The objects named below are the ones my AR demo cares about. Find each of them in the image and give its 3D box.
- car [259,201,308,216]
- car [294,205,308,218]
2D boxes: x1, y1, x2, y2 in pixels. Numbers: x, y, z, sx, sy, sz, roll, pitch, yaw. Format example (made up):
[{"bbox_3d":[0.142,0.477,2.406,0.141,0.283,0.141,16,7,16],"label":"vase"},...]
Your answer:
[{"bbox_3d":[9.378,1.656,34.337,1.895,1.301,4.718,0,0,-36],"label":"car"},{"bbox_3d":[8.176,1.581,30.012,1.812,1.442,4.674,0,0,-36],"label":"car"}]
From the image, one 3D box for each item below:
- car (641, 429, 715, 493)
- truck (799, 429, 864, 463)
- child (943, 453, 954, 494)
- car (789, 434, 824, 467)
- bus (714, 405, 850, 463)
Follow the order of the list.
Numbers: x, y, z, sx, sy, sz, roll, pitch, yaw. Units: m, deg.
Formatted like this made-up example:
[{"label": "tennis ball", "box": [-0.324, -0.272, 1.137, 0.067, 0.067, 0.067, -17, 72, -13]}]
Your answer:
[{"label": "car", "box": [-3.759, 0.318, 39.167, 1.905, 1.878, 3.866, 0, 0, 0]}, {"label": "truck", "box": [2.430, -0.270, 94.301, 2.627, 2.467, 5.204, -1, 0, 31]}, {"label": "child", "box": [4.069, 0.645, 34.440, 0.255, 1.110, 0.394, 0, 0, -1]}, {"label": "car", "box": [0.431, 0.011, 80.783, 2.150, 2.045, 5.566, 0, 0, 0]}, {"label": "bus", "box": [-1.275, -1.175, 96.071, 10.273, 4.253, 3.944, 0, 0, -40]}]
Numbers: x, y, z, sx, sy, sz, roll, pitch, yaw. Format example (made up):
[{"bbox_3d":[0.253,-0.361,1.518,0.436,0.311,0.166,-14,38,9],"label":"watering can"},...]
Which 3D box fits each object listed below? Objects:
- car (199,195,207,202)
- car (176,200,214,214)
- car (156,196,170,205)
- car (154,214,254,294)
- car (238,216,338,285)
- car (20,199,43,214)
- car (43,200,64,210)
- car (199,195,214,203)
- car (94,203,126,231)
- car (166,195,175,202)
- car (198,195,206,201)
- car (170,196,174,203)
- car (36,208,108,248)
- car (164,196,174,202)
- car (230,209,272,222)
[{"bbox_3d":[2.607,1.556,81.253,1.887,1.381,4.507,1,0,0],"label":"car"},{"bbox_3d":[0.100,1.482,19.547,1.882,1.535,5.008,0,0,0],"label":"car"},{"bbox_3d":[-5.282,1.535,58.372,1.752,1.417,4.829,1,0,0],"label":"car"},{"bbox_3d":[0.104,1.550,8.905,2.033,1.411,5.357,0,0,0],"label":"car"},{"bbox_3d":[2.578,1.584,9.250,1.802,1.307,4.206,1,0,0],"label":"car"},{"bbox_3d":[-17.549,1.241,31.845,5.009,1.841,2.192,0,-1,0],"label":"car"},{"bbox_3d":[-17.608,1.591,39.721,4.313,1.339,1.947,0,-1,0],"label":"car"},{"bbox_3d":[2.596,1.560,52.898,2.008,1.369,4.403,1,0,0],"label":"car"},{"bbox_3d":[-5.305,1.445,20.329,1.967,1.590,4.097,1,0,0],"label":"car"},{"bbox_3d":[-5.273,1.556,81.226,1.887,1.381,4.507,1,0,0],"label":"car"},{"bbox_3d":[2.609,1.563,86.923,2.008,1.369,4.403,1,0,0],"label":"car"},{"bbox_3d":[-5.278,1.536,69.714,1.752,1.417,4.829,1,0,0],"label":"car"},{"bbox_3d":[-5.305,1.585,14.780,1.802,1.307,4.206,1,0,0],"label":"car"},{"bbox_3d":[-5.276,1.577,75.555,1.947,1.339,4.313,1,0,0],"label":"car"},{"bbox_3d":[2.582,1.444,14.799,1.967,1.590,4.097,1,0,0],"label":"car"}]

++++++++++++++++++++

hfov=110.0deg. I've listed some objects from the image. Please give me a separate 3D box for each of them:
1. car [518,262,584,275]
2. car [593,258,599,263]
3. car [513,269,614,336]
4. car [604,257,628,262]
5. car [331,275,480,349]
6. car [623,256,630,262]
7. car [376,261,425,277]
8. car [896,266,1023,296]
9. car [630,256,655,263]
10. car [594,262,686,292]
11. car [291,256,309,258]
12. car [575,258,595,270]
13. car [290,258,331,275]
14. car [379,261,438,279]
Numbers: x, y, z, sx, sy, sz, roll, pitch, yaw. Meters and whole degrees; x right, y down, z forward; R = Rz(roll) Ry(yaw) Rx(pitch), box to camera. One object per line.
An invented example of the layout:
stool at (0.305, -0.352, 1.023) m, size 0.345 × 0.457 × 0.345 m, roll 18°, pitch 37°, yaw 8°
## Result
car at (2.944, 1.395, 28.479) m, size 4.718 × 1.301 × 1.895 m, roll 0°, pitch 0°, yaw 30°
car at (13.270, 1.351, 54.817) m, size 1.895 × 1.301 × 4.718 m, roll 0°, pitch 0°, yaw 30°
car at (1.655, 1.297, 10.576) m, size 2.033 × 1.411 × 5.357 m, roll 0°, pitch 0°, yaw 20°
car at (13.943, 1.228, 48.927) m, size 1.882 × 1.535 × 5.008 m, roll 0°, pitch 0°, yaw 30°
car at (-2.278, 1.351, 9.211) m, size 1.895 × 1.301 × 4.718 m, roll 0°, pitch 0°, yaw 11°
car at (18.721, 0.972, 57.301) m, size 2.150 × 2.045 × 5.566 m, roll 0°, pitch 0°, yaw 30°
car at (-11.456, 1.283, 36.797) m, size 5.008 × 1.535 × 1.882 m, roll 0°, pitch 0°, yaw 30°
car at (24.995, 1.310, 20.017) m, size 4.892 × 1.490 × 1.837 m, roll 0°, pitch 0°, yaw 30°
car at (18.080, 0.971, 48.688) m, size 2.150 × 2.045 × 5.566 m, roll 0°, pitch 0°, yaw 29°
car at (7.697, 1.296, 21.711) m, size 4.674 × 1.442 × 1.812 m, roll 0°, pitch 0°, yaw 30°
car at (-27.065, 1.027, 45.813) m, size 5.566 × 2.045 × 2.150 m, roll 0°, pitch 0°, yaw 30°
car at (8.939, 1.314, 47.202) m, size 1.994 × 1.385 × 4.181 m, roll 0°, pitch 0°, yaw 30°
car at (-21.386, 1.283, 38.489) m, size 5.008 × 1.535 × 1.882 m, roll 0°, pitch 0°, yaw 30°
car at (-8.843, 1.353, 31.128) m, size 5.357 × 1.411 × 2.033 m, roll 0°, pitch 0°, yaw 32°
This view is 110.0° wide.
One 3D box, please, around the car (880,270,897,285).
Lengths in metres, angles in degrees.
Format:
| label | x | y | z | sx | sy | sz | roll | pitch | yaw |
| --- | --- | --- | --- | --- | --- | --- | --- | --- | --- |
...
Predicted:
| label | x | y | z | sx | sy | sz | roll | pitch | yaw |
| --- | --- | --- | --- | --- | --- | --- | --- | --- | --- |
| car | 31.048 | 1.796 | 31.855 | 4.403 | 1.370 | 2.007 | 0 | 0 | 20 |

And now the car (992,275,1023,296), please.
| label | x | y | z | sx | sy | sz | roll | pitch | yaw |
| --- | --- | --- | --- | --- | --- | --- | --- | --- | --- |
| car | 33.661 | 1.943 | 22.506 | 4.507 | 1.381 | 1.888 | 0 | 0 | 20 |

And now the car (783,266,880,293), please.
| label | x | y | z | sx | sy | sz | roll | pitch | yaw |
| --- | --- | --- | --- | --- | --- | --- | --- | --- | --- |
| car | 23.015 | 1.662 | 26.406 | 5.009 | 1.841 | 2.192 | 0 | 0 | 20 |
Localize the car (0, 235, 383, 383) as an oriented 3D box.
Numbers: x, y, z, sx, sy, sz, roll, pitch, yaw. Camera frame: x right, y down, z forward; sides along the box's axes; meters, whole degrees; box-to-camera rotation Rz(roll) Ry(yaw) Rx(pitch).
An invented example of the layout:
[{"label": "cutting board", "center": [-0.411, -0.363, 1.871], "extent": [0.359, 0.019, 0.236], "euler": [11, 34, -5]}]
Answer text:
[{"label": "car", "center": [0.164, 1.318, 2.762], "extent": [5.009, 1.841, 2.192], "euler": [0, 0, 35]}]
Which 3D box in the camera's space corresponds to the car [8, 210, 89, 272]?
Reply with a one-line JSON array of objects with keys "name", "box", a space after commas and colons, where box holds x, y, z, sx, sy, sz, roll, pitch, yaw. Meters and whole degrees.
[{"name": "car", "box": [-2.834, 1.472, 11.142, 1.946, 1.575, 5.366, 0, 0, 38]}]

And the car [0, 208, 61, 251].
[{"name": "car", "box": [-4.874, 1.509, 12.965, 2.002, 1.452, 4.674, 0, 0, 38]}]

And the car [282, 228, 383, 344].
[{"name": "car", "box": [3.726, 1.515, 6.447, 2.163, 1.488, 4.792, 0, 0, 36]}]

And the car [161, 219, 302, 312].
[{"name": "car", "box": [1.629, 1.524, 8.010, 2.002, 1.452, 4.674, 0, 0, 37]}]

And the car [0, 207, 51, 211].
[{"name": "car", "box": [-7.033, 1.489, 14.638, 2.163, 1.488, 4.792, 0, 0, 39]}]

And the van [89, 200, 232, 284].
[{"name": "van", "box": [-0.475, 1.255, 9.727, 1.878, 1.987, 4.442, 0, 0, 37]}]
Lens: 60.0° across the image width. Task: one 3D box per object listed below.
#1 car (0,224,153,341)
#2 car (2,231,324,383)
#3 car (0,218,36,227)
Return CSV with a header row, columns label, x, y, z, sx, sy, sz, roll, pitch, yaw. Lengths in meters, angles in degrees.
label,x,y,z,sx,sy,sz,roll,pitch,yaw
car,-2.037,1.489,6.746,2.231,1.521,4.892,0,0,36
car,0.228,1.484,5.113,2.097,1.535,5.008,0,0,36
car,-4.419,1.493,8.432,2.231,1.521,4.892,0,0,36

++++++++++++++++++++

◆ **What to produce**: Return each line from the entries above that includes "forward".

◆ **Answer to this exercise**:
Numbers: x, y, z, sx, sy, sz, roll, pitch, yaw. Meters and whole degrees; x right, y down, z forward; R = Rz(roll) Ry(yaw) Rx(pitch), box to camera. One object per line.
Numbers: x, y, z, sx, sy, sz, roll, pitch, yaw. Camera frame: x right, y down, z forward; sides along the box's axes; meters, whole degrees; box-to-camera rotation Rz(roll) Ry(yaw) Rx(pitch).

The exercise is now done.